Directions: Would you please set down, word for word, the lines from the one with "13. VSWR at marker 3 (S11) (to 0.2)" through the final line of the data below, omitting any pictures?

Supplied records:
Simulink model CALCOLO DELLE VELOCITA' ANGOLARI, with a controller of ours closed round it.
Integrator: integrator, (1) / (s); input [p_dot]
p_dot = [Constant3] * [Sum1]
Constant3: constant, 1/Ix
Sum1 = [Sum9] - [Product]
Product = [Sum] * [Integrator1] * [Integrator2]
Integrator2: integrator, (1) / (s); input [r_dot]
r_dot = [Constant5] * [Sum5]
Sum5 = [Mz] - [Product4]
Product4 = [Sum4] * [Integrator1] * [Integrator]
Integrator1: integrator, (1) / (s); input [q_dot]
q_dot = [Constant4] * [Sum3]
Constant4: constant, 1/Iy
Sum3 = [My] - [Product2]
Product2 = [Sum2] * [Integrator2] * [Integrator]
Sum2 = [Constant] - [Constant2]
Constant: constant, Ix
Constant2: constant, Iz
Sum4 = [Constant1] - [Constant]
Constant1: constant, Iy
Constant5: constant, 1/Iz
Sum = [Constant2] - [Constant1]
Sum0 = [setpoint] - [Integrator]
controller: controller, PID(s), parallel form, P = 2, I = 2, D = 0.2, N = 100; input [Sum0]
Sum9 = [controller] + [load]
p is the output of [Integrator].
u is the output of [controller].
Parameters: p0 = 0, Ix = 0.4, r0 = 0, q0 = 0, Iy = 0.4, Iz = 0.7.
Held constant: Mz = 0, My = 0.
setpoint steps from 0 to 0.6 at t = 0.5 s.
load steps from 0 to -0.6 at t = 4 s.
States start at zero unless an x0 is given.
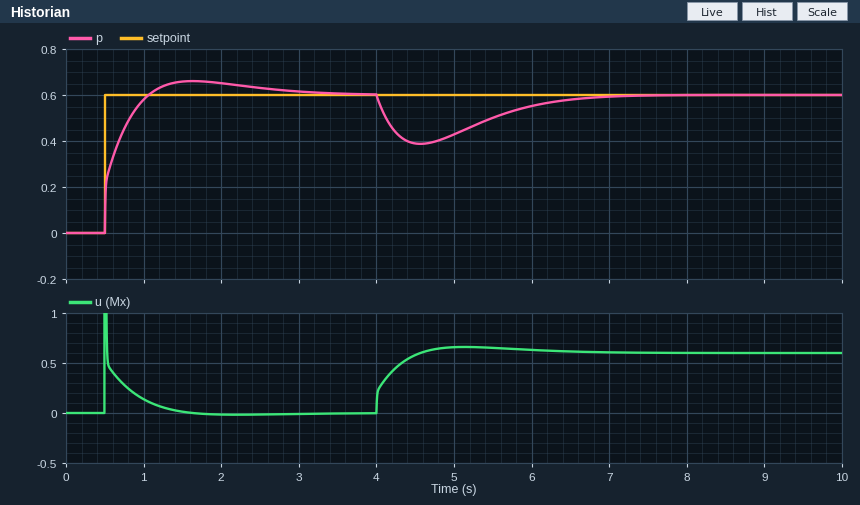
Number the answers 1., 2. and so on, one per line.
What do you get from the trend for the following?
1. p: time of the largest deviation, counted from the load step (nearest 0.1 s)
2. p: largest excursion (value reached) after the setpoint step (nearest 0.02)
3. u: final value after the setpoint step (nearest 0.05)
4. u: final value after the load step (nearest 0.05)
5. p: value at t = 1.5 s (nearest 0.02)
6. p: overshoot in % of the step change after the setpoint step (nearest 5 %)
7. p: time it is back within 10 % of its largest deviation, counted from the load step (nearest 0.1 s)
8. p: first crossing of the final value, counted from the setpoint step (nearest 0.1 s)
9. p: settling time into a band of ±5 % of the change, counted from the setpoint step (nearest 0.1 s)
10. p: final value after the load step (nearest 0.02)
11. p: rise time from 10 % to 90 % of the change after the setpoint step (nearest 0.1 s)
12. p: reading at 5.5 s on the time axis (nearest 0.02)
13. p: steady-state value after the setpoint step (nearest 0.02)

1. 0.6 s
2. 0.66
3. 0.00
4. 0.60
5. 0.66
6. 10 %
7. 2.5 s
8. 0.6 s
9. 2.0 s
10. 0.60
11. 0.4 s
12. 0.50
13. 0.60
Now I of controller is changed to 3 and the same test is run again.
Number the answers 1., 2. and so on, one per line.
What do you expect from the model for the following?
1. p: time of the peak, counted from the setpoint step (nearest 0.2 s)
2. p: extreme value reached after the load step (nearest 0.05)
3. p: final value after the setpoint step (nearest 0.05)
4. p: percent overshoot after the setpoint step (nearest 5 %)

1. 1.0 s
2. 0.40
3. 0.60
4. 15 %
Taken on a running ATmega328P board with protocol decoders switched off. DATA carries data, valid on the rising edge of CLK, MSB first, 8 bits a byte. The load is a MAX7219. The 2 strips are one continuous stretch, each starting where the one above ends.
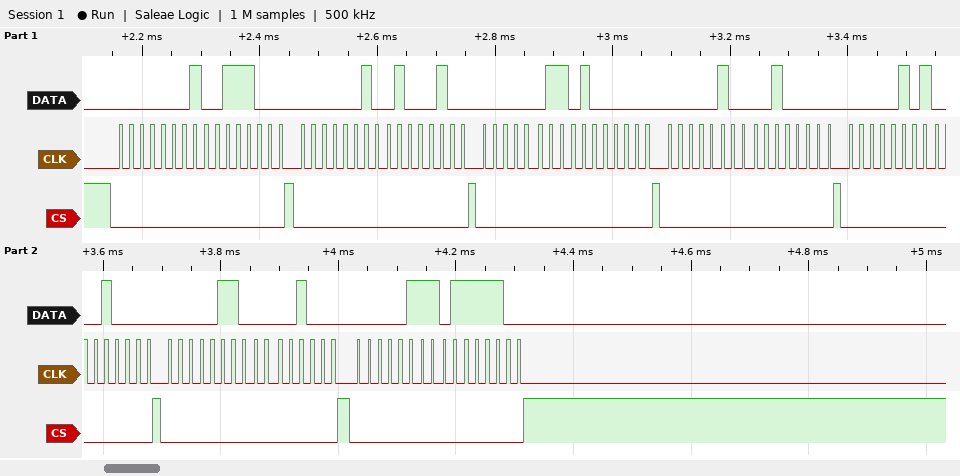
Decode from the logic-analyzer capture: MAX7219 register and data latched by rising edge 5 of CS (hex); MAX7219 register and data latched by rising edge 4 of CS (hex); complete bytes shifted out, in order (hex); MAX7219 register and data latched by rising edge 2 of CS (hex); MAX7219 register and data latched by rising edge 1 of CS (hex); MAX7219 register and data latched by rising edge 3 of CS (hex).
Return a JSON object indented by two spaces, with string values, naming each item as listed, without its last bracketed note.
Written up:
{
  "MAX7219 register and data latched by rising edge 5 of CS": "register 0x5, data 0x10",
  "MAX7219 register and data latched by rising edge 4 of CS": "register 0x4, data 0x20",
  "complete bytes shifted out, in order": "01 38 02 44 03 40 04 20 05 10 06 08 07 7C",
  "MAX7219 register and data latched by rising edge 2 of CS": "register 0x2, data 0x44",
  "MAX7219 register and data latched by rising edge 1 of CS": "register 0x1, data 0x38",
  "MAX7219 register and data latched by rising edge 3 of CS": "register 0x3, data 0x40"
}
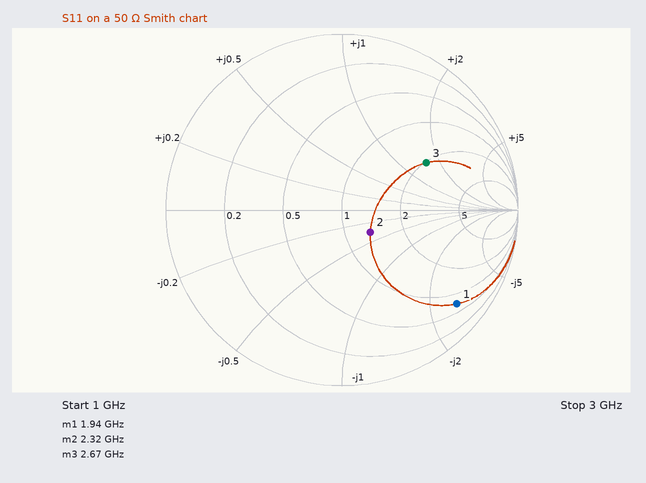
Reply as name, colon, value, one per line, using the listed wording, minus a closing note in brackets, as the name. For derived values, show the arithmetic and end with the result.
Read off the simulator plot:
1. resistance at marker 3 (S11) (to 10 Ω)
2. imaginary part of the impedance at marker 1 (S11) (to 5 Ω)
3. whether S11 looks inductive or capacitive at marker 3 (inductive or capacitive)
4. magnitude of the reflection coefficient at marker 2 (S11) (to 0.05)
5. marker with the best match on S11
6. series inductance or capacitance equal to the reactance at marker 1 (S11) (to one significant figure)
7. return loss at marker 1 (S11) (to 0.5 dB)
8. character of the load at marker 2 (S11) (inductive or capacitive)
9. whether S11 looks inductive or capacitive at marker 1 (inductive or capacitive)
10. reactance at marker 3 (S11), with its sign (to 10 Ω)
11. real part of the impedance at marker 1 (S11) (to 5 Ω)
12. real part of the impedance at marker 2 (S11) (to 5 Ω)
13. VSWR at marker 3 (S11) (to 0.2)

resistance at marker 3 (S11): 100 Ω
imaginary part of the impedance at marker 1 (S11): -130 Ω
whether S11 looks inductive or capacitive at marker 3: inductive
magnitude of the reflection coefficient at marker 2 (S11): 0.20
marker with the best match on S11: marker 2
series inductance or capacitance equal to the reactance at marker 1 (S11): C = 1/(2π × 1.94 GHz × 130 Ω) ≈ 631 fF, so 600 fF to one significant figure
return loss at marker 1 (S11): 1.5 dB
character of the load at marker 2 (S11): capacitive
whether S11 looks inductive or capacitive at marker 1: capacitive
reactance at marker 3 (S11), with its sign: +80 Ω
real part of the impedance at marker 1 (S11): 35 Ω
real part of the impedance at marker 2 (S11): 65 Ω
VSWR at marker 3 (S11): 3.4
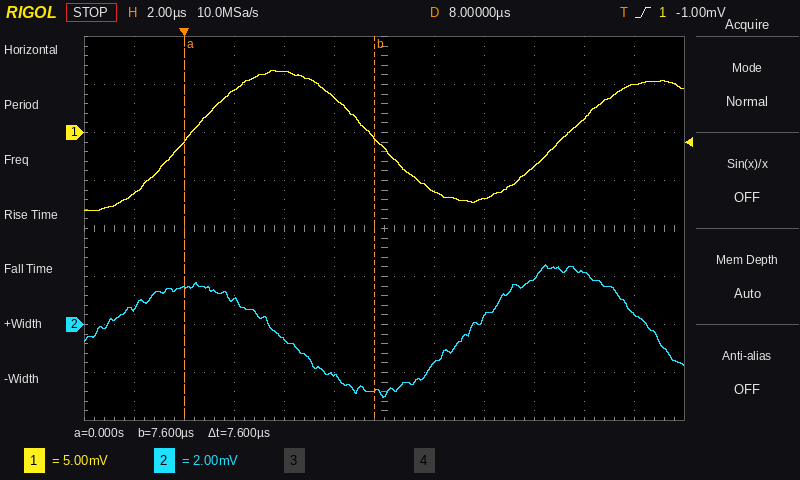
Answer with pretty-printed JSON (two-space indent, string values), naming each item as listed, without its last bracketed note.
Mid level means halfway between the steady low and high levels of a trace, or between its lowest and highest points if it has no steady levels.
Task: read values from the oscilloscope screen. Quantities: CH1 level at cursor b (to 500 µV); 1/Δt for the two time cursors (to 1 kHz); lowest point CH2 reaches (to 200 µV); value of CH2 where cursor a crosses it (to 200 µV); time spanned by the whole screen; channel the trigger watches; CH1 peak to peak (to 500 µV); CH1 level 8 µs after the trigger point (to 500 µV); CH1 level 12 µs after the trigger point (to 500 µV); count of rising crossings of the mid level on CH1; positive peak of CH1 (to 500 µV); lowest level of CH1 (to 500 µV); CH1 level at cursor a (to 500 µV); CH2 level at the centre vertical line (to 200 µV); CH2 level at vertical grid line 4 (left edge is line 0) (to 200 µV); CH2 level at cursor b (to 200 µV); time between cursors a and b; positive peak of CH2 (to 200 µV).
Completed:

Task answer:
13. VSWR at marker 3 (S11) (to 0.2)

resistance at marker 3 (S11): 100 Ω
imaginary part of the impedance at marker 1 (S11): -130 Ω
whether S11 looks inductive or capacitive at marker 3: inductive
magnitude of the reflection coefficient at marker 2 (S11): 0.20
marker with the best match on S11: marker 2
series inductance or capacitance equal to the reactance at marker 1 (S11): C = 1/(2π × 1.94 GHz × 130 Ω) ≈ 631 fF, so 600 fF to one significant figure
return loss at marker 1 (S11): 1.5 dB
character of the load at marker 2 (S11): capacitive
whether S11 looks inductive or capacitive at marker 1: capacitive
reactance at marker 3 (S11), with its sign: +80 Ω
real part of the impedance at marker 1 (S11): 35 Ω
real part of the impedance at marker 2 (S11): 65 Ω
VSWR at marker 3 (S11): 3.4
Answer with pretty-printed JSON (two-space indent, string values), naming each item as listed, without its last bracketed note.
Mid level means halfway between the steady low and high levels of a trace, or between its lowest and highest points if it has no steady levels.
Task: read values from the oscilloscope screen. Quantities: CH1 level at cursor b (to 500 µV); 1/Δt for the two time cursors (to 1 kHz); lowest point CH2 reaches (to 200 µV); value of CH2 where cursor a crosses it (to 200 µV); time spanned by the whole screen; channel the trigger watches; CH1 peak to peak (to 500 µV); CH1 level 8 µs after the trigger point (to 500 µV); CH1 level 12 µs after the trigger point (to 500 µV); count of rising crossings of the mid level on CH1; positive peak of CH1 (to 500 µV); lowest level of CH1 (to 500 µV); CH1 level at cursor a (to 500 µV); CH2 level at the centre vertical line (to 200 µV); CH2 level at vertical grid line 4 (left edge is line 0) (to 200 µV); CH2 level at cursor b (to 200 µV); time between cursors a and b; positive peak of CH2 (to 200 µV).
Completed:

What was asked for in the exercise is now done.